Stored dataset items
++++++++
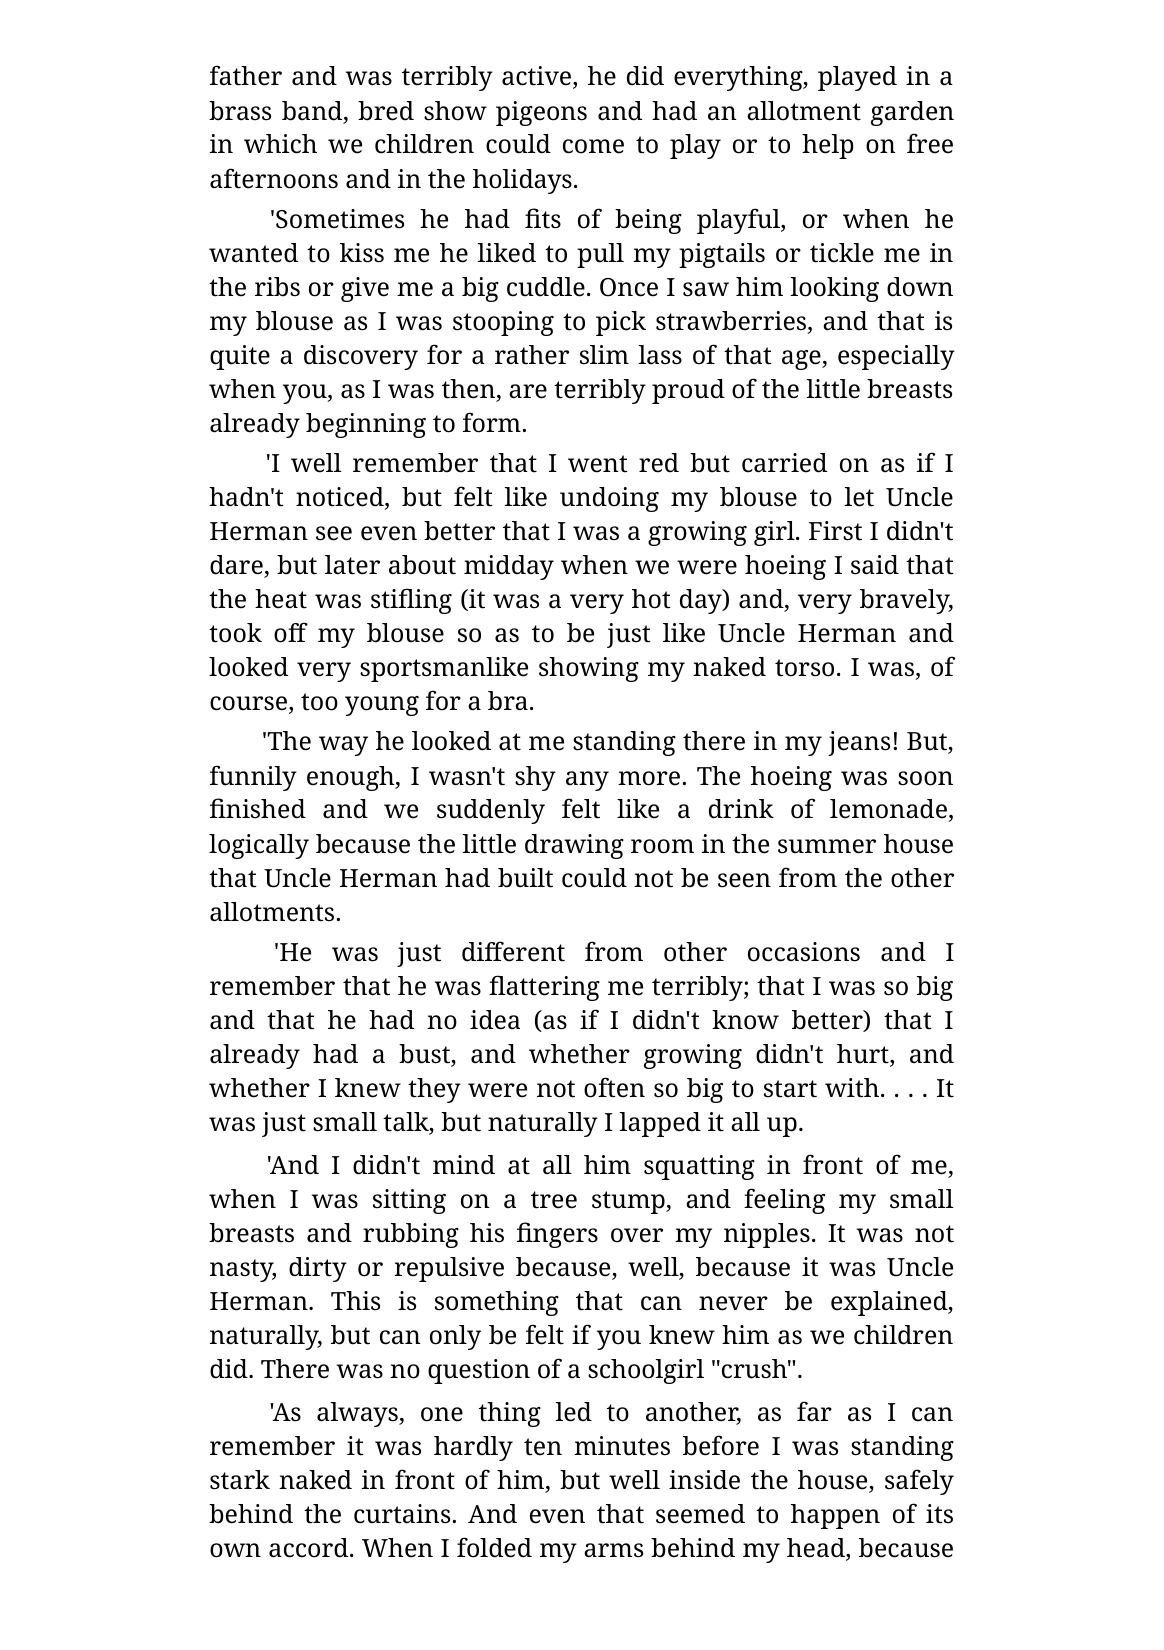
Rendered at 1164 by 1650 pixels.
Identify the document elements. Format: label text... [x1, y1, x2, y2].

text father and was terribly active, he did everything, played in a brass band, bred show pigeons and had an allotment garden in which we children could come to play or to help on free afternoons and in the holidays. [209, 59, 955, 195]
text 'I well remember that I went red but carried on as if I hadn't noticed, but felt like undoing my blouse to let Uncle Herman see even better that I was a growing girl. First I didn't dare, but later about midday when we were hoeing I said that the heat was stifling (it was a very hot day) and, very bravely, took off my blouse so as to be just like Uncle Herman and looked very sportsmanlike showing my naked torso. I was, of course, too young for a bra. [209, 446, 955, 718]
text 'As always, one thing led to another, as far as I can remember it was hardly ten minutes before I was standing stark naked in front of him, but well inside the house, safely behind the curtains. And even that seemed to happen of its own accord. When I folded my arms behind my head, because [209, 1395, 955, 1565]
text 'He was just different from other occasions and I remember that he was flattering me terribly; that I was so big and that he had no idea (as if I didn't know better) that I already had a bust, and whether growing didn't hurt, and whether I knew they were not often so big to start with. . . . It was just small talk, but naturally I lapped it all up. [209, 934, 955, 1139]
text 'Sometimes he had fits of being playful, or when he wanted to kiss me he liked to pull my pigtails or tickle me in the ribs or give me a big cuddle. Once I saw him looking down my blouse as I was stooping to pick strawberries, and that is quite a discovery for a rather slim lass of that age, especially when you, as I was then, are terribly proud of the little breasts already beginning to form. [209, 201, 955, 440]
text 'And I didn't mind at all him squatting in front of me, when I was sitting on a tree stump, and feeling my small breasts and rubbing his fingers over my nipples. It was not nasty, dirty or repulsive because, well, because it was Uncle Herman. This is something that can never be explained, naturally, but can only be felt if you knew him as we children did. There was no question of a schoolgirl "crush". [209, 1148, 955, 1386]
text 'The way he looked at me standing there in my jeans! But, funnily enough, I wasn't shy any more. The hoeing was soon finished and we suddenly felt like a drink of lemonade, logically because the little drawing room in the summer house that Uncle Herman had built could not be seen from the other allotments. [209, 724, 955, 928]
++++++++
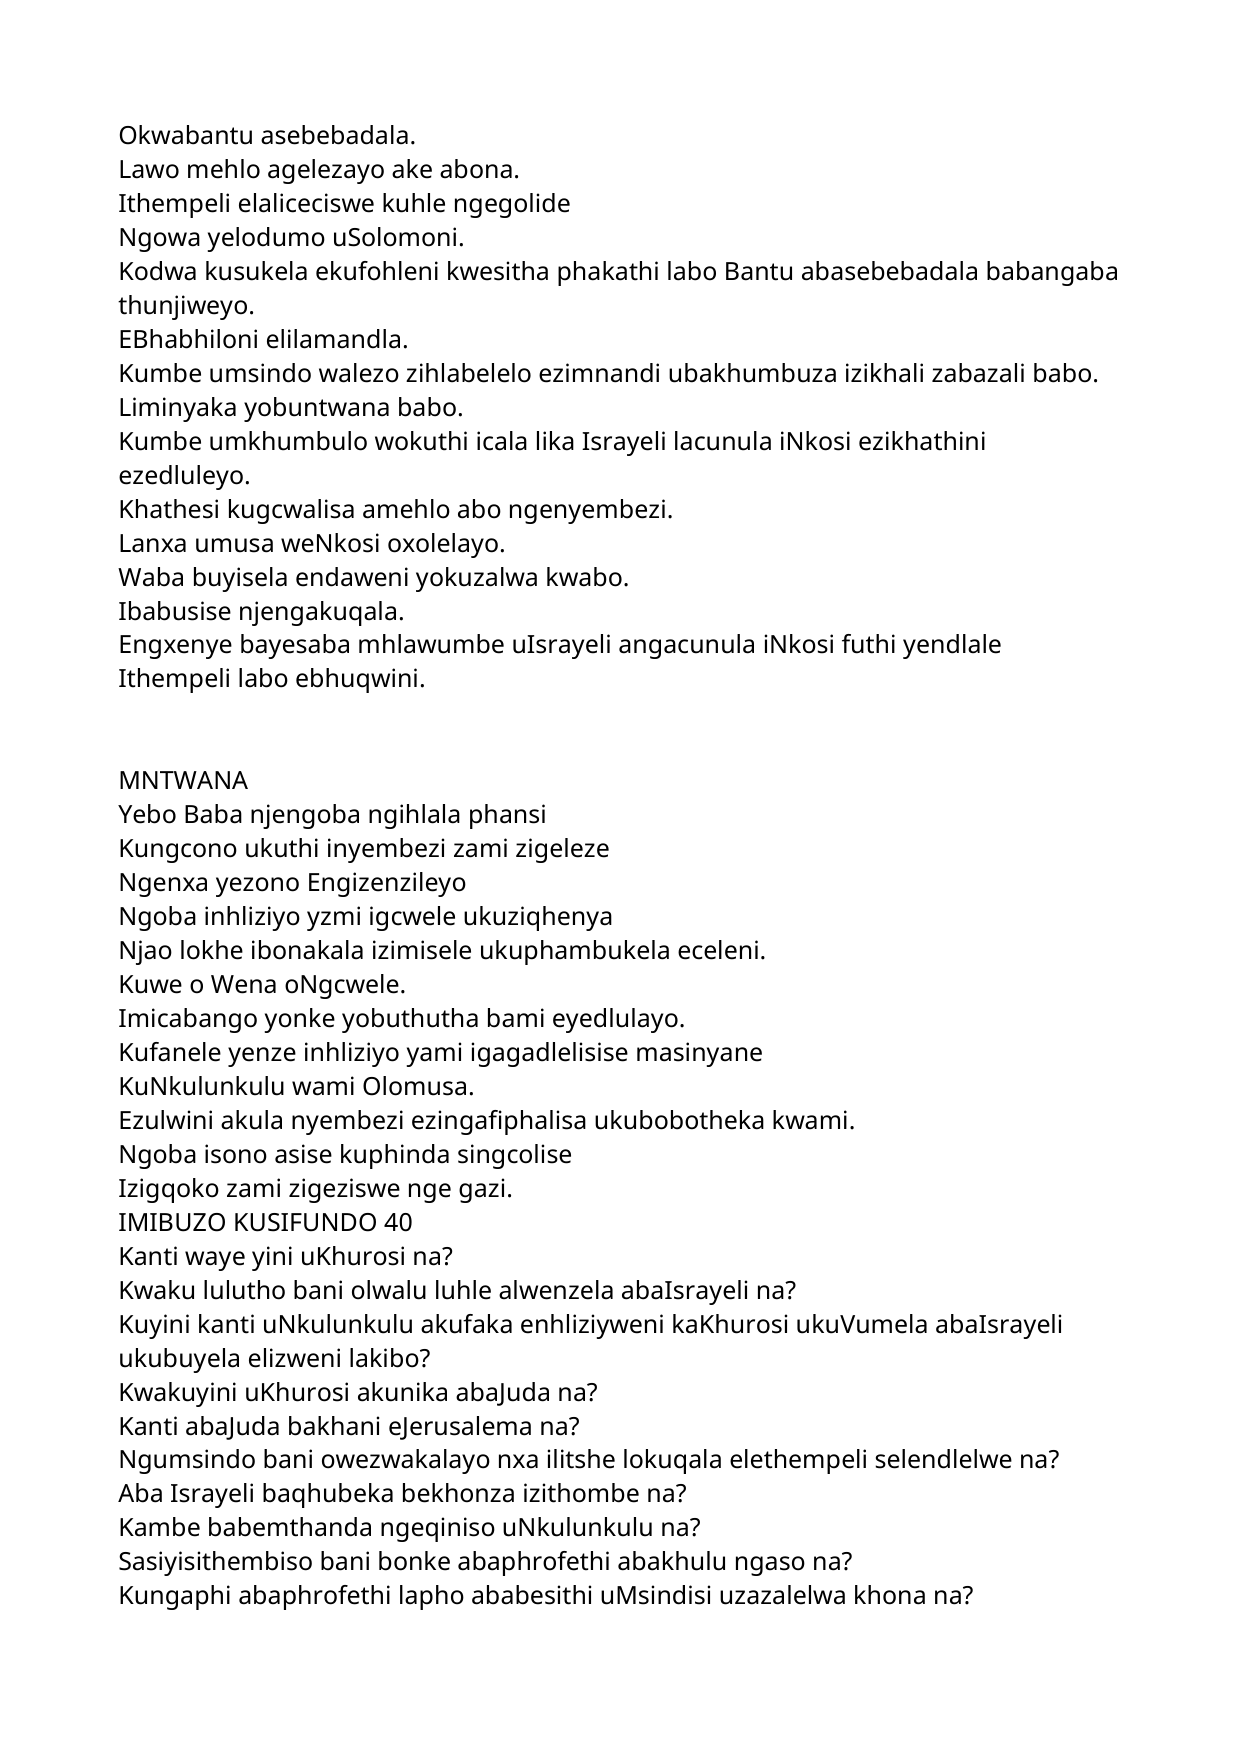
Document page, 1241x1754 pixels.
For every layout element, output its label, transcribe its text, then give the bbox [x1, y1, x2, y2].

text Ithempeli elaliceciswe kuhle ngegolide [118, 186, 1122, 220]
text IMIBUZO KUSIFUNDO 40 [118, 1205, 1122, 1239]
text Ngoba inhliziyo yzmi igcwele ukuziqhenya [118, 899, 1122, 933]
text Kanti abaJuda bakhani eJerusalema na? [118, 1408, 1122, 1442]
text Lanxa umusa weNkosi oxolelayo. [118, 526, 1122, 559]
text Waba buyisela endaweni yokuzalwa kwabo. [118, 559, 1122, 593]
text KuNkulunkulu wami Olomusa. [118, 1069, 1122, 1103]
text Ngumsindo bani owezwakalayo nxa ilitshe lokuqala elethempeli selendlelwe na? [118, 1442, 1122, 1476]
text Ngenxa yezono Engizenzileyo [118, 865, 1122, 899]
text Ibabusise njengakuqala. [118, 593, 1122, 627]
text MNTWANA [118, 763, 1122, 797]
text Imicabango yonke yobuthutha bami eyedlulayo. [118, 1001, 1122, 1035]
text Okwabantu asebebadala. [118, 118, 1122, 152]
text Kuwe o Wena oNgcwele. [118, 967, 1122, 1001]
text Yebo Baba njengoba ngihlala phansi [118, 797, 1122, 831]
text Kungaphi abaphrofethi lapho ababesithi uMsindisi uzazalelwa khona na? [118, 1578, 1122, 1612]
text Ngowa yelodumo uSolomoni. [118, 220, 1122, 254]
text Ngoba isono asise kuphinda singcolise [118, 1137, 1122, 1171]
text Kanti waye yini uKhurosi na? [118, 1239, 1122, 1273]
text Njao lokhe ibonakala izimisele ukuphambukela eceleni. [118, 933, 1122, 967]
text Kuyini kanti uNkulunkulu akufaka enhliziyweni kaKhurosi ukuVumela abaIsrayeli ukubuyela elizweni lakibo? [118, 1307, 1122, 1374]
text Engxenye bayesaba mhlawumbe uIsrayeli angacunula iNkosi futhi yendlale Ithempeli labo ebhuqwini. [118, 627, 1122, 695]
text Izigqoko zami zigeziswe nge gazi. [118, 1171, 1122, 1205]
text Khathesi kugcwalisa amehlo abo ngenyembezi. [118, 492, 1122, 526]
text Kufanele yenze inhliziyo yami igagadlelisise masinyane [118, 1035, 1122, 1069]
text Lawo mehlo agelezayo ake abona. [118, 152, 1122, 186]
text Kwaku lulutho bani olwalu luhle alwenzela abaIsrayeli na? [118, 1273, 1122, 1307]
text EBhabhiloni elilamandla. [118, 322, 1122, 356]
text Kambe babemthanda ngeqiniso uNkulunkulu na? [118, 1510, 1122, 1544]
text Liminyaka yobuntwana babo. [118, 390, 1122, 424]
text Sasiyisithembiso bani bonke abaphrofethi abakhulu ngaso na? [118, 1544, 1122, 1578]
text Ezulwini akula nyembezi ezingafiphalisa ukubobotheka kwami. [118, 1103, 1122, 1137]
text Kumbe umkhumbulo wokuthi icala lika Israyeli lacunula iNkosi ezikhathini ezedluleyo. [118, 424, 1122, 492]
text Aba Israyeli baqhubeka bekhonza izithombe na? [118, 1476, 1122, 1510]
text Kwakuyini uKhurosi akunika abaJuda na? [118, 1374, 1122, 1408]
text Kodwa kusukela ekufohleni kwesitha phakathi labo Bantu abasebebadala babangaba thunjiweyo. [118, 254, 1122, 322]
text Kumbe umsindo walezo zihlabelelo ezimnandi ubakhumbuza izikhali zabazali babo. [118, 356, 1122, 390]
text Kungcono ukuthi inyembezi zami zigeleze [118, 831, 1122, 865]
++++++++
- Brief:
Look through the lines above and collect those with the word "inhliziyo".

- Exercise response:
text Ngoba inhliziyo yzmi igcwele ukuziqhenya [118, 899, 1122, 933]
text Kufanele yenze inhliziyo yami igagadlelisise masinyane [118, 1035, 1122, 1069]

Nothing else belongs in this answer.